By: On: October 20, 2015 In: Todd Greenhalgh's Blog Comments: 0

Greentech, cleantech, wind, solar, biofuels…sustainability. Not so long ago, these were practically dirty words to climate change deniers and opponents of President Obama’s controversial renewable energy policies. Investors were reeling from a series of heavily-publicized and politicized bankruptcies by companies such as Solyndra, Range Fuels and Fisker Automotive, and plunging natural gas prices were leading skeptics to question the economic underpinnings of practically every form of alternative energy.

As an executive recruiter who has worked exclusively with sustainability companies since 2007, I won’t dispute that some bad investments were made, technologies were half-baked and companies were undercapitalized. But that’s only part of the story. In fact, for those willing to look past the graveyard of untimely company casualties, there’s new life and liquidity left in the sustainability sector.

Yes, the industry has been tumultuous. But it’s moving from nascent to mainstream. Climate change is real, solar works, you can drive an electric car that is cool and fast, and soon you won’t even have to drive yourself.

From abyss to thriving

So let’s agree … the sustainability industry is not dead. But thriving? Actually, yes. And this is just the beginning.

First, the successes. The most obvious is Tesla Motors. Almost a month after the announcement, and I still haven’t been able to scroll two pages in my Twitter feed without seeing #ModelX mentioned. Tesla has created a bridge for consumers to viscerally understand and appreciate sustainable energy. They have created a vision – so exciting and appealing we can almost see it – of the day when nearly every car on the road will be electric. (Commute from San Francisco to Silicon Valley these days and you literally can already see it).

The lesson is that we don’t have to compromise. Consumers don’t have to choose. Clean or sexy? Renewable or affordable? Purpose or profit? We can now have both. And we increasingly demand it. Not just of our cars but also of our homes.

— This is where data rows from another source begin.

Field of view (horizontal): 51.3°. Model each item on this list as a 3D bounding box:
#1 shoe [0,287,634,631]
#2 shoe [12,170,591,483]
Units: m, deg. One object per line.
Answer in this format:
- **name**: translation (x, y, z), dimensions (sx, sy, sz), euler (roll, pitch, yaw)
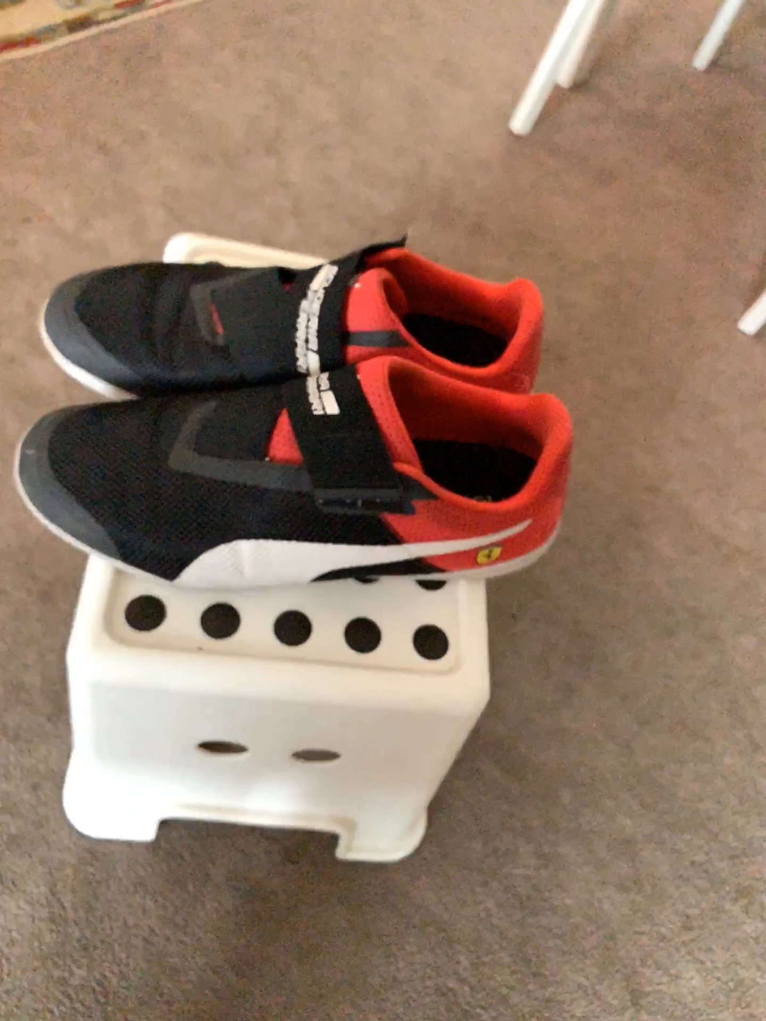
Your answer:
- **shoe**: translation (-0.037, -0.019, 0.423), dimensions (0.300, 0.099, 0.111), euler (6, 59, -10)
- **shoe**: translation (-0.042, -0.102, 0.480), dimensions (0.300, 0.099, 0.101), euler (6, 59, -10)

Several markets have already reached the tipping point where residential solar is more affordable than traditional utilities.

First Solar, Sungevity, Sunrun, SunPower and others are taking advantage of solar panels that cost 60 percent less than three years ago, smarter manufacturing practices, easier installation and drastically improved financing options, while paving the way towards a cleaner, brighter, more efficient and healthy future.

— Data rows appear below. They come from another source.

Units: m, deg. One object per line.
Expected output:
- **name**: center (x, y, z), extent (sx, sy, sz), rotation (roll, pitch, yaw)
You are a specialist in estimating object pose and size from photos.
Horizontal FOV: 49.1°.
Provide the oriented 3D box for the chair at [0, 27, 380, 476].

Energy efficiency has become a growth category all its own, with the most notable leader being Nest Labs, acquired by Google for $3.2 billion and now acquiring its own companies.

Beyond the successes, we are seeing incredible startups, with business models largely driven by consumer demand for something better without compromise. One of the most visionary examples I know is Patrick Brown and his team at Impossible Foods, who are disrupting the food ecosystem by challenging the technology we use to create meats and cheese. Mark my words, that man is the Steve Jobs of food.

Where there are good ideas and healthy business models, investment dollars will surely follow. I have had the pleasure of working with investors and startups who are integrating sustainability into cars, homes, food, energy, waste, water and even healthcare. The resulting diversification of my sustainability practice has presented its own challenges, but I have never been more proud to work in this industry.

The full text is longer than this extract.